Madison might have been right in theory, but wrong in application. The connection between a free press and good government wasn’t essential. Dewey countered that the purpose of democracy was freedom, not good administration. And the free exchange of reliable — even if not perfect — information was critical to that. That essential link, between the conduct of a free press and the freedom to govern oneself through elected representatives, is at the heart of the debate not just in the United States, but also in many of the newer democracies in Europe.

The debate here is shaped differently. When Charles Clarke was Labour Party chairman, his view of the press was that parts of it:

“...have done their best to bring democratic politics into disrepute”.
It seemed a gutsy enough riposte to The Sun’s view of a few years earlier:

“...too many politicians are sad, sordid, pathetic inadequate wimps with private lives that make ordinary people’s stomachs churn”.
Again, that did little to encourage public trust in either institution.

Whether the press likes it or not, its future, as a serious journalistic enterprise, is chained to the health of our representative democracy and our public institutions. The danger for journalists should be clear: if interest and participation in self-government and effective institutions become a minority activity, then so does journalism.

Earlier this year, the Government paused and re-thought its role in its relationship with the public and the press. The Phillis Report set out what an impartial, information-based government communication machine should look like. At about the same time, though for different reasons, the BBC paused and re-thought, too. Ron Neil’s report, in part a response to Lord Hutton’s criticisms of the BBC, refined and re-stated what public service news broadcasting should look like. The British press has done nothing similar, in spite of its far greater crisis of trust. If and when it does so, the answer won’t lie in regulation, nor interference in the newspaper market, but in an understanding that craft skills alone and a “nose for a story” are no longer enough to make a good journalist. A solipsistic disregard for the effects of the craft will not be part of the answer.

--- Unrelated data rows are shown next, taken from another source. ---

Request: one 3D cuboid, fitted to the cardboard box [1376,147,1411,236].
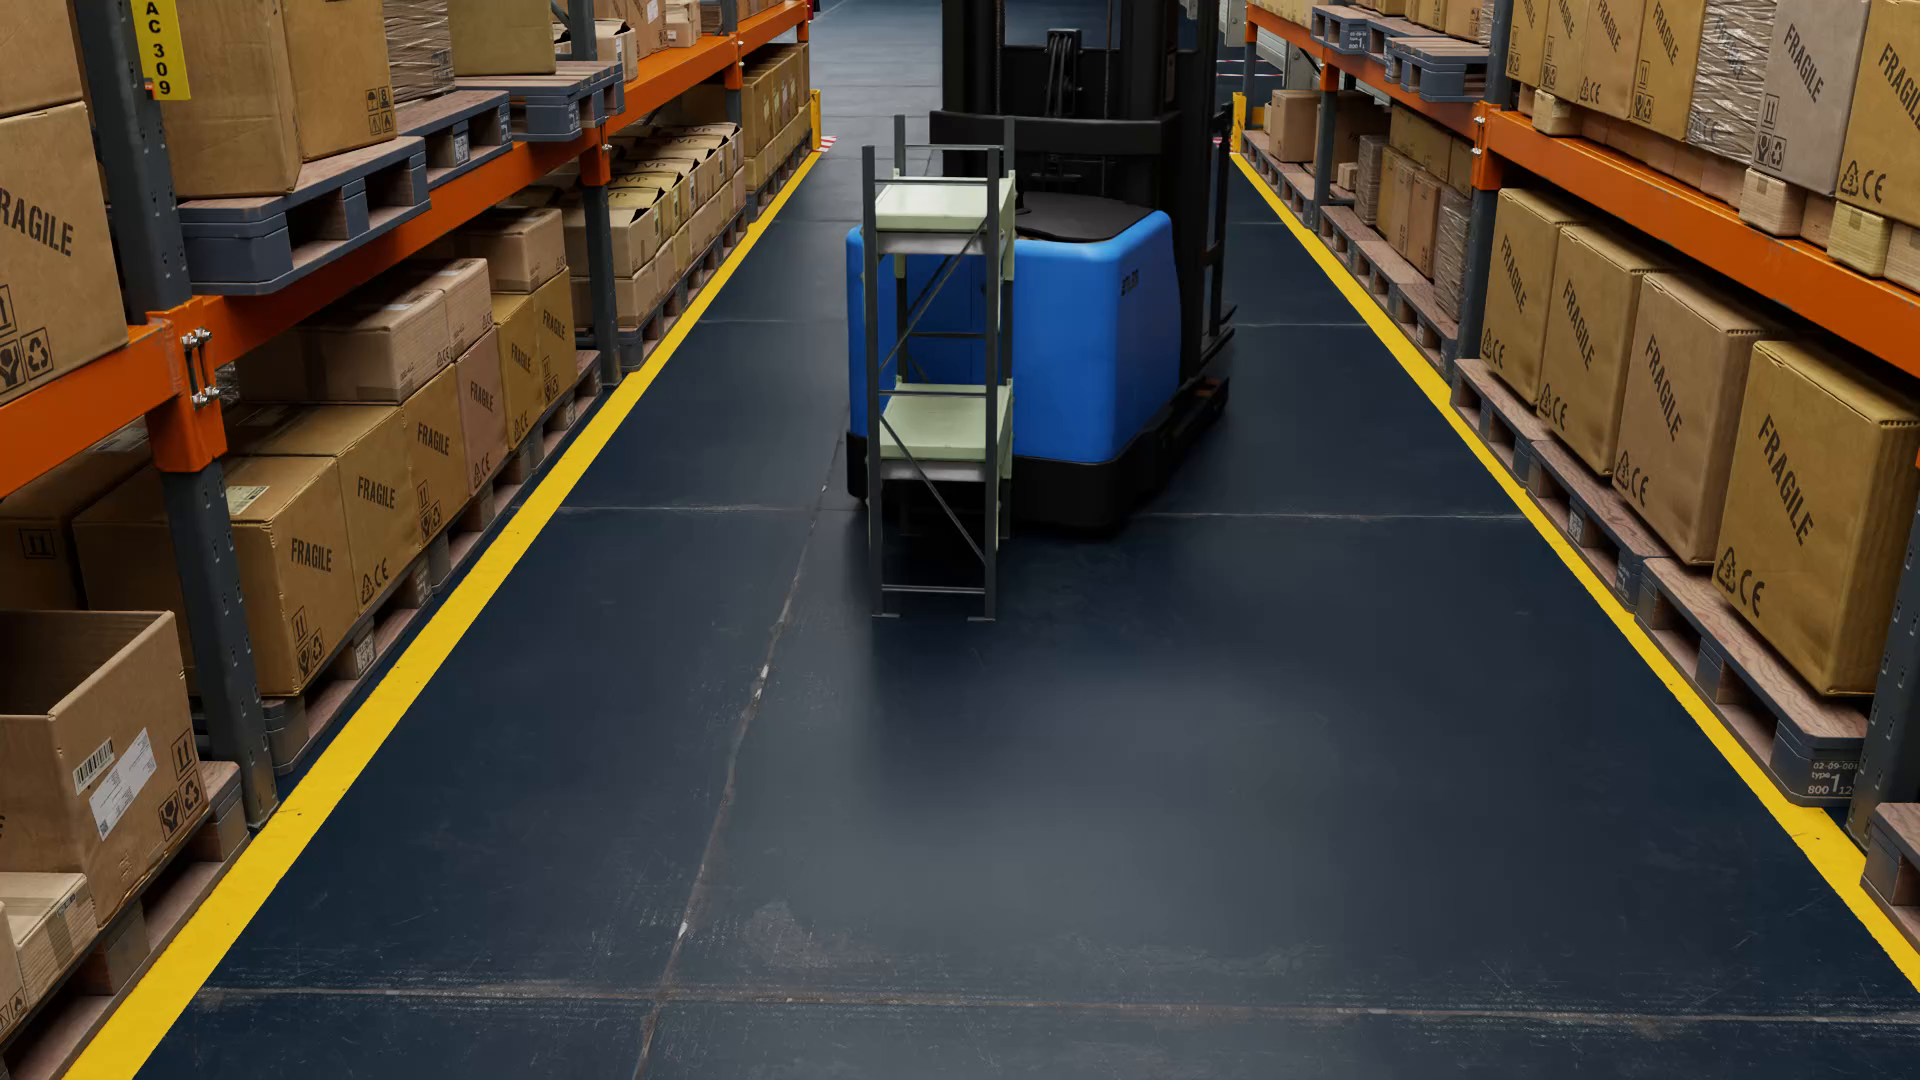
[{"bbox_3d":[2.978,-2.123,10.200,0.700,0.500,0.500,0,21,1],"label":"cardboard box"}]

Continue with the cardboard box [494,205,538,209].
[{"bbox_3d":[-2.354,-1.511,8.222,0.500,0.311,0.500,1,21,3],"label":"cardboard box"}]

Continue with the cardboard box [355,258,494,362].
[{"bbox_3d":[-1.942,-0.802,5.759,0.500,0.250,0.500,0,21,1],"label":"cardboard box"}]

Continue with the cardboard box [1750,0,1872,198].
[{"bbox_3d":[2.474,-1.193,4.380,0.500,0.500,0.500,1,21,2],"label":"cardboard box"}]

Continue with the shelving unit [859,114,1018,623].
[{"bbox_3d":[-0.052,-0.576,5.439,0.431,1.500,0.755,2,21,5],"label":"shelving unit"}]

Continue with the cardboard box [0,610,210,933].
[{"bbox_3d":[-1.979,0.472,3.513,0.500,0.500,0.500,1,21,2],"label":"cardboard box"}]

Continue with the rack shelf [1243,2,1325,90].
[{"bbox_3d":[3.010,-3.924,12.991,1.077,0.370,4.000,1,21,2],"label":"rack shelf"}]

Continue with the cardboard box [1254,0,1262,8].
[{"bbox_3d":[2.737,-4.561,13.818,0.500,0.250,0.500,0,21,0],"label":"cardboard box"}]

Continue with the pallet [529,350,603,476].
[{"bbox_3d":[-2.184,-0.574,7.216,1.003,0.211,1.213,1,21,2],"label":"pallet"}]

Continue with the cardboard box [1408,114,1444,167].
[{"bbox_3d":[2.921,-2.312,9.652,0.500,0.250,0.500,0,21,0],"label":"cardboard box"}]

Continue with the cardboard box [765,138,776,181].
[{"bbox_3d":[-1.665,-2.849,12.445,0.500,0.250,0.500,1,21,2],"label":"cardboard box"}]

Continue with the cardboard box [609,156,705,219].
[{"bbox_3d":[-1.774,-2.065,9.650,0.500,0.311,0.500,0,21,1],"label":"cardboard box"}]

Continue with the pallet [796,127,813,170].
[{"bbox_3d":[-1.862,-3.459,14.652,1.003,0.211,1.213,1,21,2],"label":"pallet"}]

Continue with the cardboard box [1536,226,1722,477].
[{"bbox_3d":[2.641,-0.703,6.085,0.750,0.750,0.750,1,21,1],"label":"cardboard box"}]

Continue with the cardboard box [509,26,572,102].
[{"bbox_3d":[-2.069,-2.233,7.760,0.500,0.311,0.500,2,21,5],"label":"cardboard box"}]

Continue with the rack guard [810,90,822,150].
[{"bbox_3d":[-1.880,-3.879,15.336,1.175,0.500,0.348,1,21,2],"label":"rack guard"}]

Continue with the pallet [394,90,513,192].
[{"bbox_3d":[-2.179,-1.351,5.629,1.003,0.211,1.213,1,21,2],"label":"pallet"}]

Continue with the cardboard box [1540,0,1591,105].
[{"bbox_3d":[2.532,-1.923,6.261,0.500,0.500,0.500,1,21,3],"label":"cardboard box"}]

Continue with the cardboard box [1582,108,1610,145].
[{"bbox_3d":[2.593,-1.588,6.294,0.380,0.149,0.250,0,21,1],"label":"cardboard box"}]

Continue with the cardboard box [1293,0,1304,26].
[{"bbox_3d":[2.684,-3.831,11.935,0.500,0.250,0.500,1,21,2],"label":"cardboard box"}]

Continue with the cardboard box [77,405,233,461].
[{"bbox_3d":[-2.494,-0.097,4.980,0.500,0.500,0.500,1,21,2],"label":"cardboard box"}]

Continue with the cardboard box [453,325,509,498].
[{"bbox_3d":[-1.944,-0.466,5.930,0.500,0.500,0.500,0,21,0],"label":"cardboard box"}]

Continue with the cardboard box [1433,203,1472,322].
[{"bbox_3d":[2.797,-1.391,8.315,0.700,0.500,0.500,1,21,2],"label":"cardboard box"}]

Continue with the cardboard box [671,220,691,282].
[{"bbox_3d":[-1.790,-1.613,9.261,0.500,0.250,0.500,0,21,0],"label":"cardboard box"}]

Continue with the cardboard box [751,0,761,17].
[{"bbox_3d":[-1.952,-4.354,12.966,0.700,0.500,0.500,1,21,3],"label":"cardboard box"}]

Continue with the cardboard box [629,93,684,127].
[{"bbox_3d":[-2.180,-3.204,12.324,0.500,0.500,0.500,1,21,2],"label":"cardboard box"}]

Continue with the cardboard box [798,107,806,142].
[{"bbox_3d":[-1.605,-3.572,14.309,0.500,0.250,0.500,1,21,2],"label":"cardboard box"}]

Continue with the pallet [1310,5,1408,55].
[{"bbox_3d":[2.781,-3.172,10.324,1.003,0.211,1.213,1,21,2],"label":"pallet"}]

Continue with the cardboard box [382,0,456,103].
[{"bbox_3d":[-2.249,-1.828,5.876,0.700,0.500,0.500,5,22,12],"label":"cardboard box"}]

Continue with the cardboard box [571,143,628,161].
[{"bbox_3d":[-2.299,-2.250,10.127,0.500,0.311,0.500,0,21,0],"label":"cardboard box"}]

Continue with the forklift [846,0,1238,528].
[{"bbox_3d":[0.571,-1.910,6.900,1.130,2.935,3.031,8,23,19],"label":"forklift"}]

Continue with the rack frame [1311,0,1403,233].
[{"bbox_3d":[2.949,-3.537,10.997,1.000,3.000,0.127,1,21,2],"label":"rack frame"}]

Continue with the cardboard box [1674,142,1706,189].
[{"bbox_3d":[2.535,-1.216,5.337,0.380,0.149,0.250,1,21,3],"label":"cardboard box"}]

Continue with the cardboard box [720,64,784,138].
[{"bbox_3d":[-1.645,-3.379,12.775,0.500,0.500,0.500,1,21,2],"label":"cardboard box"}]

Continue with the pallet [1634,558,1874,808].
[{"bbox_3d":[2.654,0.376,4.768,1.003,0.211,1.213,1,21,2],"label":"pallet"}]

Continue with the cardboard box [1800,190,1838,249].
[{"bbox_3d":[2.470,-0.846,4.383,0.380,0.149,0.250,1,21,3],"label":"cardboard box"}]

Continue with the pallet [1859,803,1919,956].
[{"bbox_3d":[2.605,0.930,3.340,1.003,0.211,1.213,1,21,2],"label":"pallet"}]

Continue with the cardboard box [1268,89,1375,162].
[{"bbox_3d":[2.870,-3.303,13.241,0.700,0.500,0.500,-1,21,-2],"label":"cardboard box"}]

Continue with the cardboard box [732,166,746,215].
[{"bbox_3d":[-1.725,-2.351,11.161,0.500,0.250,0.500,0,21,1],"label":"cardboard box"}]

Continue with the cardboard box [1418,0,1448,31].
[{"bbox_3d":[2.847,-2.963,8.772,0.700,0.500,0.500,1,21,2],"label":"cardboard box"}]

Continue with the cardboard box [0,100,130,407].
[{"bbox_3d":[-2.004,-0.560,3.188,0.500,0.500,0.500,1,21,3],"label":"cardboard box"}]

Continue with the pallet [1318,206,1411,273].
[{"bbox_3d":[2.927,-1.955,10.776,1.003,0.211,1.213,1,21,2],"label":"pallet"}]

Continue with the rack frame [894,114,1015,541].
[{"bbox_3d":[-0.019,-0.708,5.779,0.400,1.500,0.023,2,21,5],"label":"rack frame"}]

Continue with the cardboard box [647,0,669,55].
[{"bbox_3d":[-2.058,-3.168,9.910,0.500,0.500,0.500,2,21,6],"label":"cardboard box"}]

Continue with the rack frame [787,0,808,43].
[{"bbox_3d":[-1.881,-5.036,14.861,1.000,3.000,0.127,1,21,2],"label":"rack frame"}]

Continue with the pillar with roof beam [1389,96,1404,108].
[{"bbox_3d":[-0.389,-7.565,13.085,9.100,9.000,0.400,1,21,2],"label":"pillar with roof beam"}]

Jay Rosen, professor of Journalism and Mass Communications at New York University and one of the high priests of the Public Journalism movement, puts it like this:

“Journalists are members of the political community, citizens themselves, and not bystanders to our public life... journalism is about recognising this truth, and trying to tell the truth at the same time.”
It would be an evasion to try to argue that this formula couldn’t and shouldn’t guide us to the characteristics a journalist working in the British press needs now to be part of the answer and not the cause of a continuing crisis. Those characteristics? First, toughness: to resist the hypocrisy that values a scalp, that values a resignation or public humiliation while professing indifference to the effects of the press on the public sphere. Second, belief: that finding the truth and telling it is a public good. Third, responsibility: an individual sense of responsibility for journalism’s purpose in scrutinising government and public institutions fairly and with the intent of enabling them to work better. Fourth, accountability: for the results of the profession and the acceptance that journalism isn’t something you just do and walk away from. Fifth, ambition: for a profession built on values — fairness, impartiality, open mindedness, inclusivity.

Britain needs journalists who read from both sides of every balance sheet and who know that a partial truth — in both senses of the word — is more lethal than a blatant untruth. Above all, it needs a press that is not stubbornly indifferent to the power it wields over the public sphere and one that chooses to exercise that power for the common good.